From UPS CDTO Bala Subramanian on Digital, Data, & the Network of the Future | Technovation 869 · · MetisStrategy
“Think of my role as having three teams under me: all the technology (engineering, IT, security), UPS Digital which we treat like a startup P&L that we are incubating and scaling, and the CX customer experience organization (ups.com, call centers, self-service).”
On , Bala Subramanian, EVice President and Chief Digital & Technology Officer at United Parcel Service, Inc., spoke about organization during UPS CDTO Bala Subramanian on Digital, Data, & the Network of the Future | Technovation 869 on MetisStrategy.
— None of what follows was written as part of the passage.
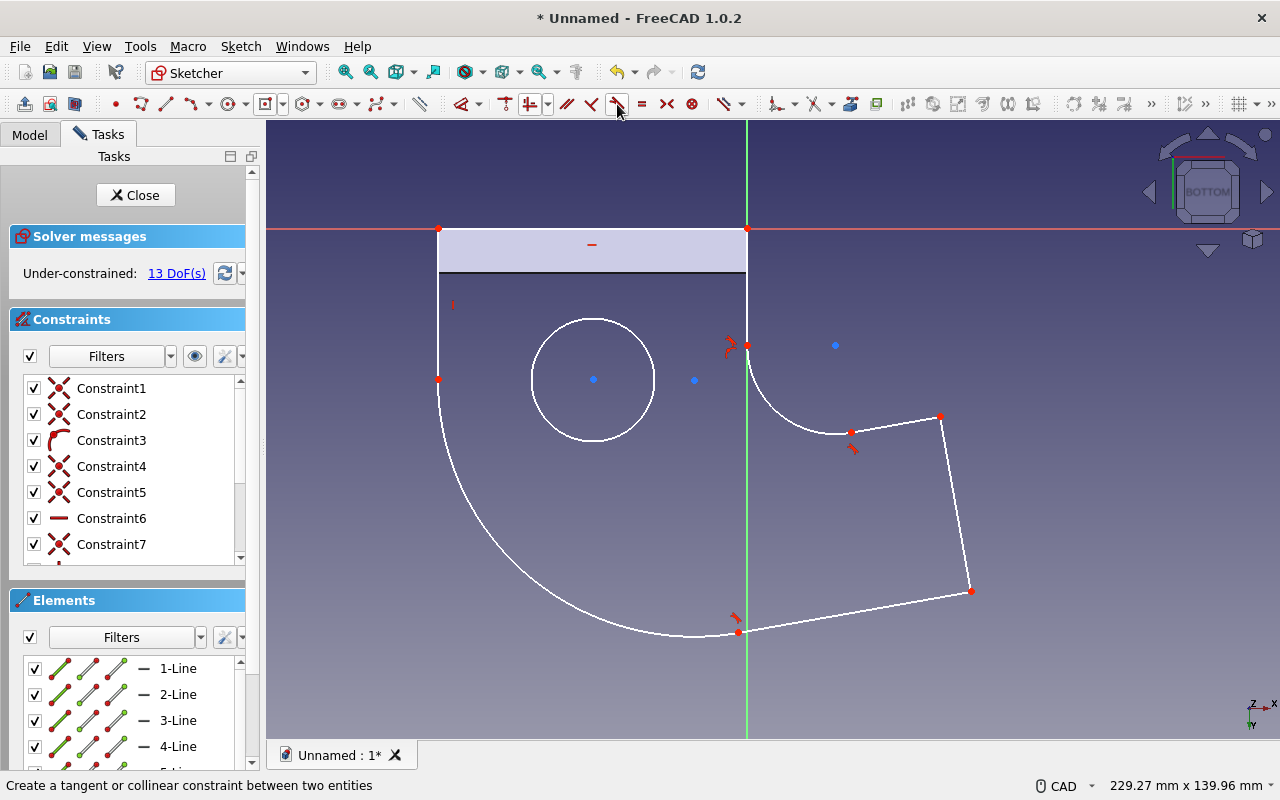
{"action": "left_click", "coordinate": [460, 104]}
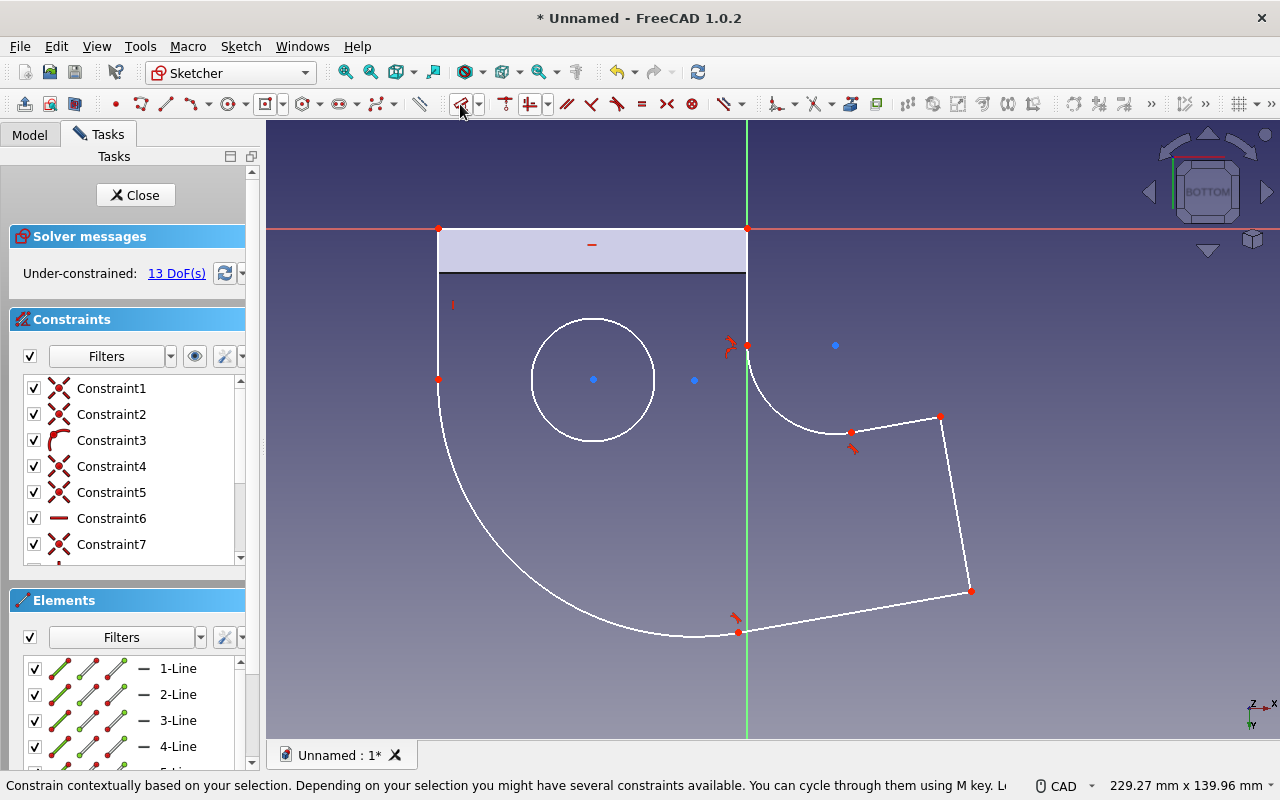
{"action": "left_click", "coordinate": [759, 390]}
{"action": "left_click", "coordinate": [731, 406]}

In a May 2024 interview on the Technovation podcast, Bala Subramanian discussed UPS's digital transformation and its goal of becoming a "logistics orchestrator." He described the "network of the future" as requiring real-time, flexible, and adaptable systems that move beyond component-level optimization. Subramanian stated that the company is creating a digital twin of its entire network and a package-level "twin of twins" to adapt routing based on each package's characteristics, such as the difference between a vaccine and a blazer. He noted that UPS is moving from a scanning network to "sensing at scale" with RFID, which he said would enable near-optimal routing and make the logistics network behave more like an IP network. Subramanian outlined his role as overseeing three teams: technology (engineering, IT, security), UPS Digital (treated as a startup P&L), and customer experience (ups.com, call centers, self-service). He said that customer experience cannot succeed without a superior employee experience)Skip, and that UPS is investing to make every agent a "super agent" capable of resolving issues on first contact. Subramanian also discussed a digital fluency program for senior leaders, which he said is now migrating to data fluency, and noted that the company uses generative AI to automate empathetic customer email responses, a project that won a CIO100 award. He added that UPS has about 20 petabytes of operational data and emits roughly a billion signals a day, which it uses to build services such as "delivery defense" to score address risk and help prevent fraud.